(Data extracted from a collection)
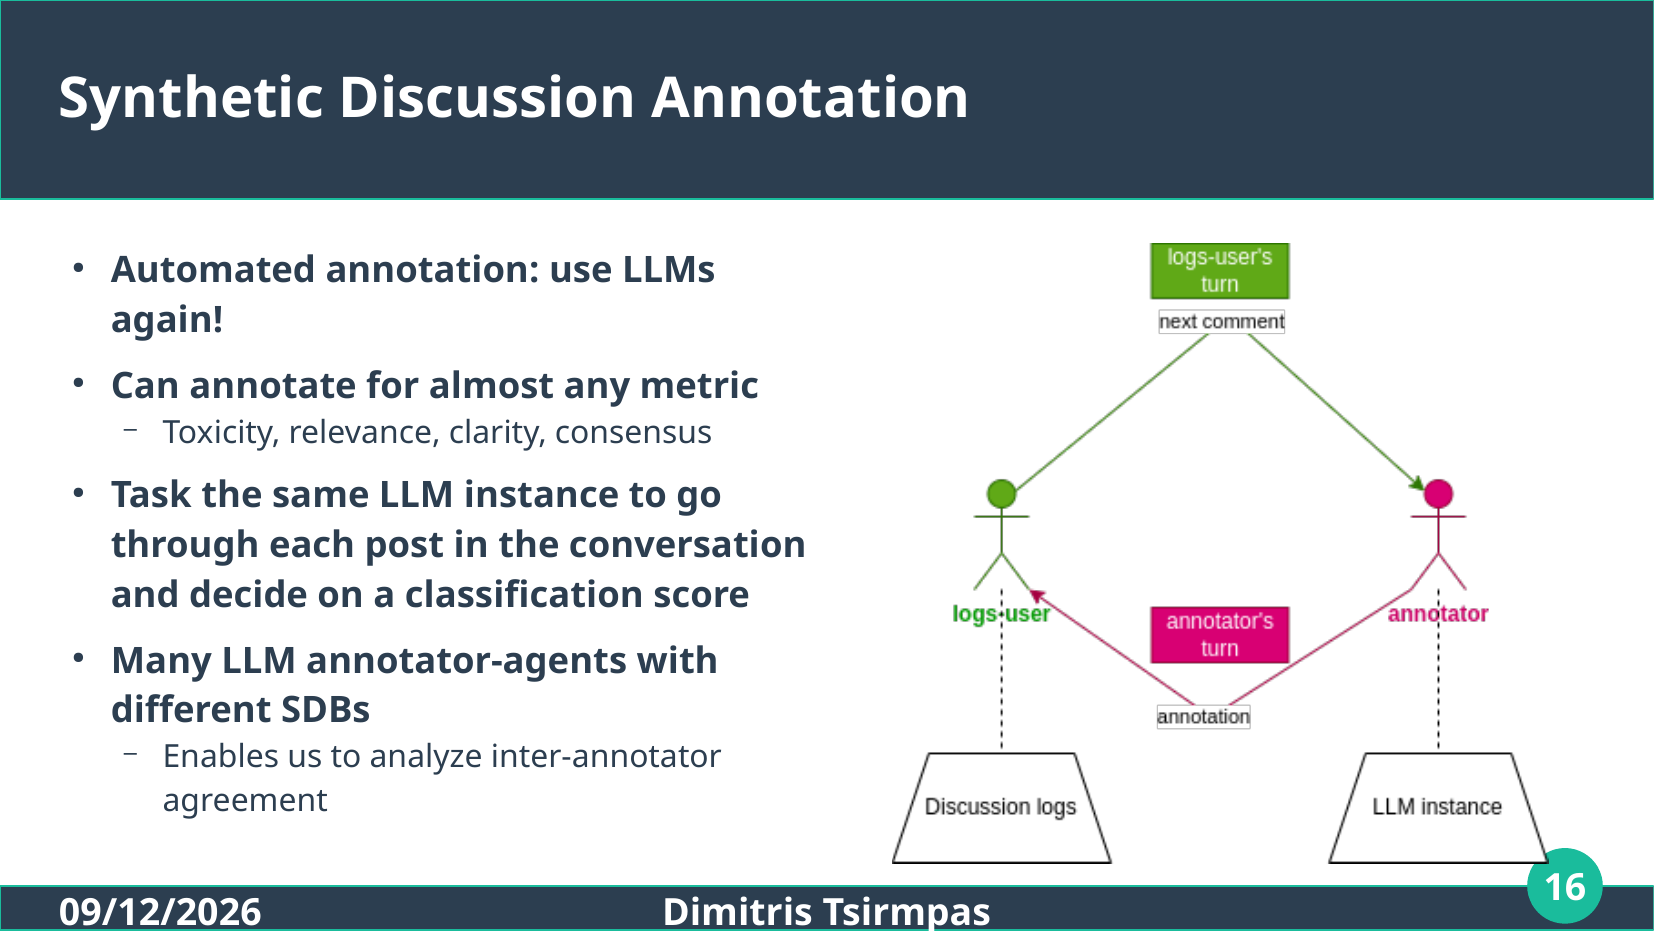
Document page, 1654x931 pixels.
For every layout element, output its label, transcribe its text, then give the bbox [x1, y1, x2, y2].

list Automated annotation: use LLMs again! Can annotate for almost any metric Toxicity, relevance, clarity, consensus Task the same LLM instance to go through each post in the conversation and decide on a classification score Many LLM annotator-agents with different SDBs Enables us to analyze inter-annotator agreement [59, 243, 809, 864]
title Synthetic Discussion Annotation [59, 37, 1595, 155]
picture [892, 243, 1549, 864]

**TASK ITEM**
Every line above should be returned word for word, with the pictures left behind.

**REPLY TO THE TASK**
Document page, 1654x931 pixels.
For every layout element, output its label, transcribe its text, then give the bbox [x1, y1, x2, y2].

list Automated annotation: use LLMs again! Can annotate for almost any metric Toxicity, relevance, clarity, consensus Task the same LLM instance to go through each post in the conversation and decide on a classification score Many LLM annotator-agents with different SDBs Enables us to analyze inter-annotator agreement [59, 243, 809, 864]
title Synthetic Discussion Annotation [59, 37, 1595, 155]
picture [892, 243, 1549, 864]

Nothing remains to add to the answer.